9. The apparatus according to claim 8, wherein the determining module is further configured to determine whether the second content obtaining instruction and the first content obtaining instruction belong to related skill fields if it is determined that the second content obtaining instruction and the first content obtaining instruction do not belong to the same skill field;

the obtaining module is further configured to obtain a response result of the second content obtaining instruction according to the second content obtaining instruction if it is determined that the second content obtaining instruction and the first content obtaining instruction belong to the related skill field.

10. The apparatus of claim 8, further comprising:

and the processing module is used for not responding to the second content acquisition instruction if the second content acquisition instruction and the first content acquisition instruction are determined not to belong to the related skill field.

11. The apparatus of claim 8, wherein the predetermined time period is determined according to a skill area to which the first content acquisition instruction belongs.

12. The apparatus according to claim 9, wherein the determining module is specifically configured to,

13. The apparatus of claim 8, wherein the determining module is further configured to determine that the second content acquisition instruction is not a wake-up instruction before determining whether the second content acquisition instruction and the first content acquisition instruction belong to the same skill area.

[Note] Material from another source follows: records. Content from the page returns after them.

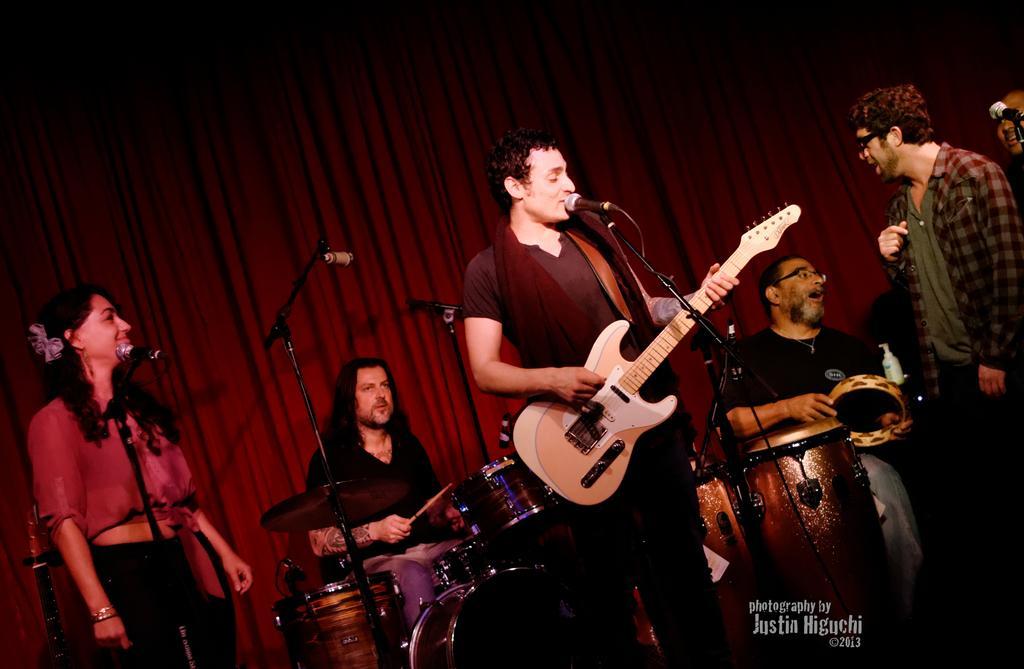How would you summarize this image in a sentence or two? There is a music band on the floor. Everybody is having one musical instrument in front of them. There is a microphone and a stand here. One woman is singing, the remaining guys are playing the musical instruments. In the background, there is a red color curtain here. 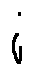Convert formula to latex. <formula><loc_0><loc_0><loc_500><loc_500>i</formula> 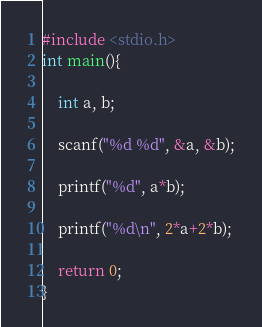Convert code to text. <code><loc_0><loc_0><loc_500><loc_500><_C_>#include <stdio.h>
int main(){

    int a, b;

    scanf("%d %d", &a, &b);

    printf("%d", a*b);

    printf("%d\n", 2*a+2*b);

    return 0;
}
</code> 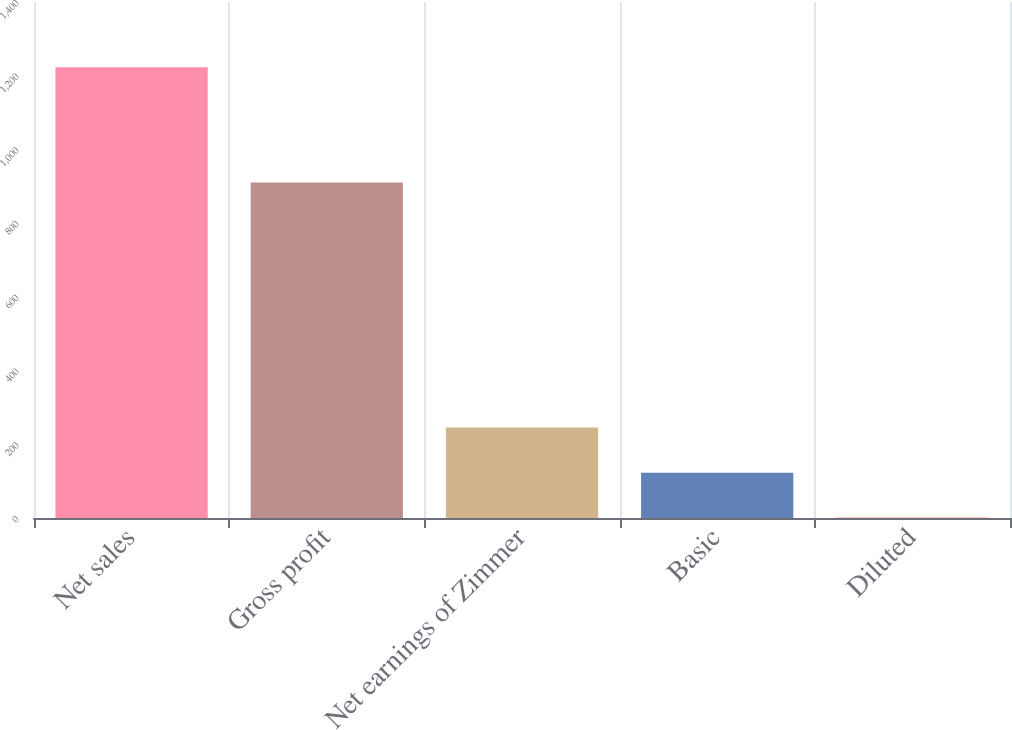Convert chart to OTSL. <chart><loc_0><loc_0><loc_500><loc_500><bar_chart><fcel>Net sales<fcel>Gross profit<fcel>Net earnings of Zimmer<fcel>Basic<fcel>Diluted<nl><fcel>1222.9<fcel>910<fcel>245.31<fcel>123.11<fcel>0.91<nl></chart> 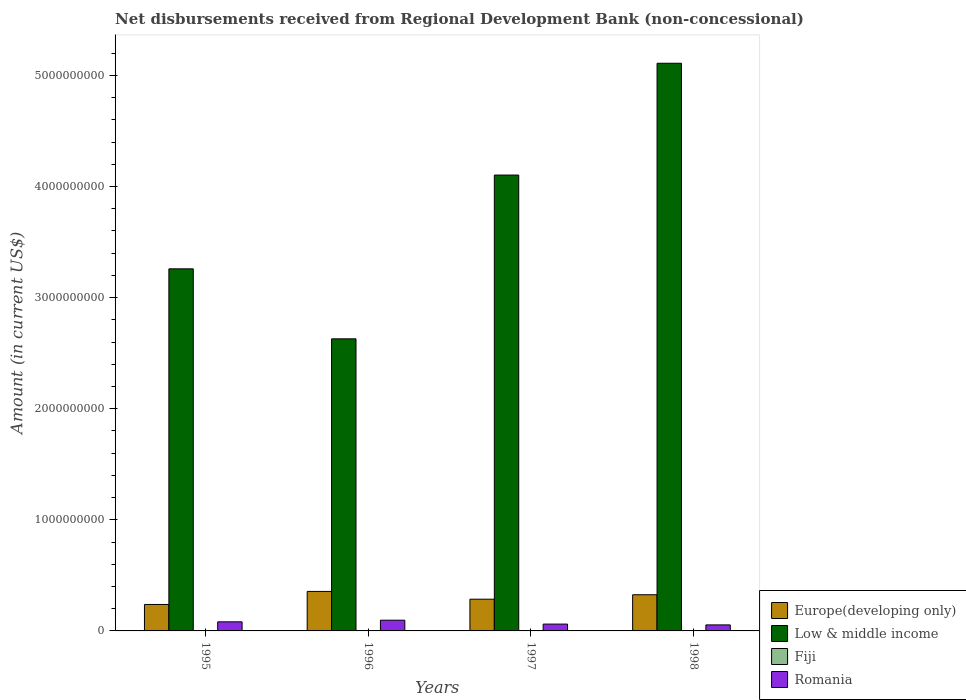How many different coloured bars are there?
Make the answer very short. 4. Are the number of bars per tick equal to the number of legend labels?
Ensure brevity in your answer.  No. Are the number of bars on each tick of the X-axis equal?
Your response must be concise. No. How many bars are there on the 4th tick from the left?
Your answer should be compact. 3. In how many cases, is the number of bars for a given year not equal to the number of legend labels?
Give a very brief answer. 3. What is the amount of disbursements received from Regional Development Bank in Fiji in 1995?
Provide a short and direct response. 8.55e+05. Across all years, what is the maximum amount of disbursements received from Regional Development Bank in Fiji?
Keep it short and to the point. 8.55e+05. Across all years, what is the minimum amount of disbursements received from Regional Development Bank in Fiji?
Your answer should be compact. 0. In which year was the amount of disbursements received from Regional Development Bank in Romania maximum?
Offer a terse response. 1996. What is the total amount of disbursements received from Regional Development Bank in Fiji in the graph?
Provide a succinct answer. 8.55e+05. What is the difference between the amount of disbursements received from Regional Development Bank in Low & middle income in 1995 and that in 1997?
Keep it short and to the point. -8.44e+08. What is the difference between the amount of disbursements received from Regional Development Bank in Fiji in 1996 and the amount of disbursements received from Regional Development Bank in Low & middle income in 1995?
Offer a very short reply. -3.26e+09. What is the average amount of disbursements received from Regional Development Bank in Low & middle income per year?
Your answer should be compact. 3.78e+09. In the year 1995, what is the difference between the amount of disbursements received from Regional Development Bank in Romania and amount of disbursements received from Regional Development Bank in Fiji?
Your answer should be very brief. 8.10e+07. What is the ratio of the amount of disbursements received from Regional Development Bank in Low & middle income in 1995 to that in 1997?
Your response must be concise. 0.79. Is the amount of disbursements received from Regional Development Bank in Romania in 1996 less than that in 1998?
Your response must be concise. No. What is the difference between the highest and the second highest amount of disbursements received from Regional Development Bank in Europe(developing only)?
Your response must be concise. 3.00e+07. What is the difference between the highest and the lowest amount of disbursements received from Regional Development Bank in Europe(developing only)?
Ensure brevity in your answer.  1.17e+08. Is the sum of the amount of disbursements received from Regional Development Bank in Low & middle income in 1997 and 1998 greater than the maximum amount of disbursements received from Regional Development Bank in Europe(developing only) across all years?
Offer a terse response. Yes. Is it the case that in every year, the sum of the amount of disbursements received from Regional Development Bank in Europe(developing only) and amount of disbursements received from Regional Development Bank in Low & middle income is greater than the sum of amount of disbursements received from Regional Development Bank in Fiji and amount of disbursements received from Regional Development Bank in Romania?
Make the answer very short. Yes. How many years are there in the graph?
Provide a succinct answer. 4. What is the difference between two consecutive major ticks on the Y-axis?
Make the answer very short. 1.00e+09. Are the values on the major ticks of Y-axis written in scientific E-notation?
Your response must be concise. No. Does the graph contain any zero values?
Keep it short and to the point. Yes. Where does the legend appear in the graph?
Make the answer very short. Bottom right. How many legend labels are there?
Offer a very short reply. 4. What is the title of the graph?
Offer a terse response. Net disbursements received from Regional Development Bank (non-concessional). Does "Brazil" appear as one of the legend labels in the graph?
Your answer should be compact. No. What is the label or title of the Y-axis?
Provide a short and direct response. Amount (in current US$). What is the Amount (in current US$) of Europe(developing only) in 1995?
Offer a terse response. 2.38e+08. What is the Amount (in current US$) in Low & middle income in 1995?
Your response must be concise. 3.26e+09. What is the Amount (in current US$) in Fiji in 1995?
Make the answer very short. 8.55e+05. What is the Amount (in current US$) of Romania in 1995?
Your answer should be compact. 8.18e+07. What is the Amount (in current US$) in Europe(developing only) in 1996?
Give a very brief answer. 3.56e+08. What is the Amount (in current US$) of Low & middle income in 1996?
Offer a very short reply. 2.63e+09. What is the Amount (in current US$) in Romania in 1996?
Provide a succinct answer. 9.66e+07. What is the Amount (in current US$) in Europe(developing only) in 1997?
Your response must be concise. 2.86e+08. What is the Amount (in current US$) of Low & middle income in 1997?
Keep it short and to the point. 4.10e+09. What is the Amount (in current US$) of Romania in 1997?
Give a very brief answer. 6.15e+07. What is the Amount (in current US$) of Europe(developing only) in 1998?
Your answer should be very brief. 3.26e+08. What is the Amount (in current US$) in Low & middle income in 1998?
Your answer should be very brief. 5.11e+09. What is the Amount (in current US$) of Fiji in 1998?
Your response must be concise. 0. What is the Amount (in current US$) in Romania in 1998?
Your answer should be very brief. 5.42e+07. Across all years, what is the maximum Amount (in current US$) of Europe(developing only)?
Make the answer very short. 3.56e+08. Across all years, what is the maximum Amount (in current US$) in Low & middle income?
Provide a succinct answer. 5.11e+09. Across all years, what is the maximum Amount (in current US$) of Fiji?
Provide a short and direct response. 8.55e+05. Across all years, what is the maximum Amount (in current US$) in Romania?
Keep it short and to the point. 9.66e+07. Across all years, what is the minimum Amount (in current US$) in Europe(developing only)?
Offer a terse response. 2.38e+08. Across all years, what is the minimum Amount (in current US$) in Low & middle income?
Provide a succinct answer. 2.63e+09. Across all years, what is the minimum Amount (in current US$) in Romania?
Your answer should be compact. 5.42e+07. What is the total Amount (in current US$) in Europe(developing only) in the graph?
Give a very brief answer. 1.21e+09. What is the total Amount (in current US$) in Low & middle income in the graph?
Keep it short and to the point. 1.51e+1. What is the total Amount (in current US$) in Fiji in the graph?
Keep it short and to the point. 8.55e+05. What is the total Amount (in current US$) in Romania in the graph?
Offer a terse response. 2.94e+08. What is the difference between the Amount (in current US$) in Europe(developing only) in 1995 and that in 1996?
Give a very brief answer. -1.17e+08. What is the difference between the Amount (in current US$) in Low & middle income in 1995 and that in 1996?
Offer a terse response. 6.30e+08. What is the difference between the Amount (in current US$) of Romania in 1995 and that in 1996?
Your response must be concise. -1.48e+07. What is the difference between the Amount (in current US$) of Europe(developing only) in 1995 and that in 1997?
Ensure brevity in your answer.  -4.73e+07. What is the difference between the Amount (in current US$) in Low & middle income in 1995 and that in 1997?
Your response must be concise. -8.44e+08. What is the difference between the Amount (in current US$) in Romania in 1995 and that in 1997?
Keep it short and to the point. 2.03e+07. What is the difference between the Amount (in current US$) in Europe(developing only) in 1995 and that in 1998?
Your response must be concise. -8.75e+07. What is the difference between the Amount (in current US$) in Low & middle income in 1995 and that in 1998?
Offer a very short reply. -1.85e+09. What is the difference between the Amount (in current US$) of Romania in 1995 and that in 1998?
Keep it short and to the point. 2.76e+07. What is the difference between the Amount (in current US$) in Europe(developing only) in 1996 and that in 1997?
Your answer should be compact. 7.01e+07. What is the difference between the Amount (in current US$) in Low & middle income in 1996 and that in 1997?
Provide a succinct answer. -1.47e+09. What is the difference between the Amount (in current US$) of Romania in 1996 and that in 1997?
Ensure brevity in your answer.  3.51e+07. What is the difference between the Amount (in current US$) of Europe(developing only) in 1996 and that in 1998?
Keep it short and to the point. 3.00e+07. What is the difference between the Amount (in current US$) in Low & middle income in 1996 and that in 1998?
Your answer should be very brief. -2.48e+09. What is the difference between the Amount (in current US$) of Romania in 1996 and that in 1998?
Offer a very short reply. 4.24e+07. What is the difference between the Amount (in current US$) in Europe(developing only) in 1997 and that in 1998?
Your answer should be compact. -4.02e+07. What is the difference between the Amount (in current US$) in Low & middle income in 1997 and that in 1998?
Offer a very short reply. -1.01e+09. What is the difference between the Amount (in current US$) of Romania in 1997 and that in 1998?
Provide a short and direct response. 7.33e+06. What is the difference between the Amount (in current US$) in Europe(developing only) in 1995 and the Amount (in current US$) in Low & middle income in 1996?
Your answer should be very brief. -2.39e+09. What is the difference between the Amount (in current US$) in Europe(developing only) in 1995 and the Amount (in current US$) in Romania in 1996?
Provide a short and direct response. 1.42e+08. What is the difference between the Amount (in current US$) of Low & middle income in 1995 and the Amount (in current US$) of Romania in 1996?
Offer a terse response. 3.16e+09. What is the difference between the Amount (in current US$) in Fiji in 1995 and the Amount (in current US$) in Romania in 1996?
Give a very brief answer. -9.58e+07. What is the difference between the Amount (in current US$) of Europe(developing only) in 1995 and the Amount (in current US$) of Low & middle income in 1997?
Give a very brief answer. -3.87e+09. What is the difference between the Amount (in current US$) in Europe(developing only) in 1995 and the Amount (in current US$) in Romania in 1997?
Provide a short and direct response. 1.77e+08. What is the difference between the Amount (in current US$) of Low & middle income in 1995 and the Amount (in current US$) of Romania in 1997?
Offer a terse response. 3.20e+09. What is the difference between the Amount (in current US$) of Fiji in 1995 and the Amount (in current US$) of Romania in 1997?
Your response must be concise. -6.07e+07. What is the difference between the Amount (in current US$) of Europe(developing only) in 1995 and the Amount (in current US$) of Low & middle income in 1998?
Give a very brief answer. -4.87e+09. What is the difference between the Amount (in current US$) in Europe(developing only) in 1995 and the Amount (in current US$) in Romania in 1998?
Give a very brief answer. 1.84e+08. What is the difference between the Amount (in current US$) of Low & middle income in 1995 and the Amount (in current US$) of Romania in 1998?
Your answer should be very brief. 3.21e+09. What is the difference between the Amount (in current US$) in Fiji in 1995 and the Amount (in current US$) in Romania in 1998?
Make the answer very short. -5.33e+07. What is the difference between the Amount (in current US$) of Europe(developing only) in 1996 and the Amount (in current US$) of Low & middle income in 1997?
Provide a succinct answer. -3.75e+09. What is the difference between the Amount (in current US$) of Europe(developing only) in 1996 and the Amount (in current US$) of Romania in 1997?
Make the answer very short. 2.94e+08. What is the difference between the Amount (in current US$) in Low & middle income in 1996 and the Amount (in current US$) in Romania in 1997?
Your answer should be compact. 2.57e+09. What is the difference between the Amount (in current US$) of Europe(developing only) in 1996 and the Amount (in current US$) of Low & middle income in 1998?
Your response must be concise. -4.75e+09. What is the difference between the Amount (in current US$) of Europe(developing only) in 1996 and the Amount (in current US$) of Romania in 1998?
Your answer should be compact. 3.01e+08. What is the difference between the Amount (in current US$) in Low & middle income in 1996 and the Amount (in current US$) in Romania in 1998?
Provide a succinct answer. 2.58e+09. What is the difference between the Amount (in current US$) of Europe(developing only) in 1997 and the Amount (in current US$) of Low & middle income in 1998?
Provide a short and direct response. -4.82e+09. What is the difference between the Amount (in current US$) in Europe(developing only) in 1997 and the Amount (in current US$) in Romania in 1998?
Your answer should be compact. 2.31e+08. What is the difference between the Amount (in current US$) of Low & middle income in 1997 and the Amount (in current US$) of Romania in 1998?
Keep it short and to the point. 4.05e+09. What is the average Amount (in current US$) in Europe(developing only) per year?
Your answer should be very brief. 3.01e+08. What is the average Amount (in current US$) of Low & middle income per year?
Make the answer very short. 3.78e+09. What is the average Amount (in current US$) in Fiji per year?
Ensure brevity in your answer.  2.14e+05. What is the average Amount (in current US$) in Romania per year?
Make the answer very short. 7.35e+07. In the year 1995, what is the difference between the Amount (in current US$) of Europe(developing only) and Amount (in current US$) of Low & middle income?
Your answer should be compact. -3.02e+09. In the year 1995, what is the difference between the Amount (in current US$) in Europe(developing only) and Amount (in current US$) in Fiji?
Keep it short and to the point. 2.37e+08. In the year 1995, what is the difference between the Amount (in current US$) of Europe(developing only) and Amount (in current US$) of Romania?
Give a very brief answer. 1.56e+08. In the year 1995, what is the difference between the Amount (in current US$) of Low & middle income and Amount (in current US$) of Fiji?
Ensure brevity in your answer.  3.26e+09. In the year 1995, what is the difference between the Amount (in current US$) of Low & middle income and Amount (in current US$) of Romania?
Your answer should be compact. 3.18e+09. In the year 1995, what is the difference between the Amount (in current US$) in Fiji and Amount (in current US$) in Romania?
Keep it short and to the point. -8.10e+07. In the year 1996, what is the difference between the Amount (in current US$) of Europe(developing only) and Amount (in current US$) of Low & middle income?
Make the answer very short. -2.27e+09. In the year 1996, what is the difference between the Amount (in current US$) of Europe(developing only) and Amount (in current US$) of Romania?
Your answer should be compact. 2.59e+08. In the year 1996, what is the difference between the Amount (in current US$) of Low & middle income and Amount (in current US$) of Romania?
Offer a terse response. 2.53e+09. In the year 1997, what is the difference between the Amount (in current US$) in Europe(developing only) and Amount (in current US$) in Low & middle income?
Offer a terse response. -3.82e+09. In the year 1997, what is the difference between the Amount (in current US$) in Europe(developing only) and Amount (in current US$) in Romania?
Offer a terse response. 2.24e+08. In the year 1997, what is the difference between the Amount (in current US$) of Low & middle income and Amount (in current US$) of Romania?
Give a very brief answer. 4.04e+09. In the year 1998, what is the difference between the Amount (in current US$) in Europe(developing only) and Amount (in current US$) in Low & middle income?
Keep it short and to the point. -4.78e+09. In the year 1998, what is the difference between the Amount (in current US$) of Europe(developing only) and Amount (in current US$) of Romania?
Offer a terse response. 2.72e+08. In the year 1998, what is the difference between the Amount (in current US$) of Low & middle income and Amount (in current US$) of Romania?
Your response must be concise. 5.06e+09. What is the ratio of the Amount (in current US$) of Europe(developing only) in 1995 to that in 1996?
Make the answer very short. 0.67. What is the ratio of the Amount (in current US$) in Low & middle income in 1995 to that in 1996?
Your answer should be very brief. 1.24. What is the ratio of the Amount (in current US$) of Romania in 1995 to that in 1996?
Your answer should be compact. 0.85. What is the ratio of the Amount (in current US$) in Europe(developing only) in 1995 to that in 1997?
Your answer should be very brief. 0.83. What is the ratio of the Amount (in current US$) in Low & middle income in 1995 to that in 1997?
Your answer should be compact. 0.79. What is the ratio of the Amount (in current US$) of Romania in 1995 to that in 1997?
Your answer should be very brief. 1.33. What is the ratio of the Amount (in current US$) in Europe(developing only) in 1995 to that in 1998?
Keep it short and to the point. 0.73. What is the ratio of the Amount (in current US$) of Low & middle income in 1995 to that in 1998?
Keep it short and to the point. 0.64. What is the ratio of the Amount (in current US$) in Romania in 1995 to that in 1998?
Your answer should be very brief. 1.51. What is the ratio of the Amount (in current US$) in Europe(developing only) in 1996 to that in 1997?
Offer a terse response. 1.25. What is the ratio of the Amount (in current US$) of Low & middle income in 1996 to that in 1997?
Offer a very short reply. 0.64. What is the ratio of the Amount (in current US$) of Romania in 1996 to that in 1997?
Keep it short and to the point. 1.57. What is the ratio of the Amount (in current US$) of Europe(developing only) in 1996 to that in 1998?
Your response must be concise. 1.09. What is the ratio of the Amount (in current US$) in Low & middle income in 1996 to that in 1998?
Provide a short and direct response. 0.51. What is the ratio of the Amount (in current US$) of Romania in 1996 to that in 1998?
Offer a terse response. 1.78. What is the ratio of the Amount (in current US$) of Europe(developing only) in 1997 to that in 1998?
Give a very brief answer. 0.88. What is the ratio of the Amount (in current US$) of Low & middle income in 1997 to that in 1998?
Make the answer very short. 0.8. What is the ratio of the Amount (in current US$) in Romania in 1997 to that in 1998?
Keep it short and to the point. 1.14. What is the difference between the highest and the second highest Amount (in current US$) of Europe(developing only)?
Ensure brevity in your answer.  3.00e+07. What is the difference between the highest and the second highest Amount (in current US$) in Low & middle income?
Give a very brief answer. 1.01e+09. What is the difference between the highest and the second highest Amount (in current US$) in Romania?
Provide a short and direct response. 1.48e+07. What is the difference between the highest and the lowest Amount (in current US$) in Europe(developing only)?
Provide a short and direct response. 1.17e+08. What is the difference between the highest and the lowest Amount (in current US$) in Low & middle income?
Offer a terse response. 2.48e+09. What is the difference between the highest and the lowest Amount (in current US$) of Fiji?
Ensure brevity in your answer.  8.55e+05. What is the difference between the highest and the lowest Amount (in current US$) in Romania?
Give a very brief answer. 4.24e+07. 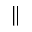Convert formula to latex. <formula><loc_0><loc_0><loc_500><loc_500>\|</formula>

14. The apparatus of claim 13, further comprising:

and the response module is used for responding to the awakening instruction if the second content acquisition instruction is the awakening instruction.

15. An electronic device, comprising: memory, processor and computer program stored on the memory and executable on the processor, which when executed by the processor implements the method of voice interaction according to any of claims 1-7.

16. A non-transitory computer-readable storage medium, on which a computer program is stored, which, when executed by a processor, implements the voice interaction method of any one of claims 1-7.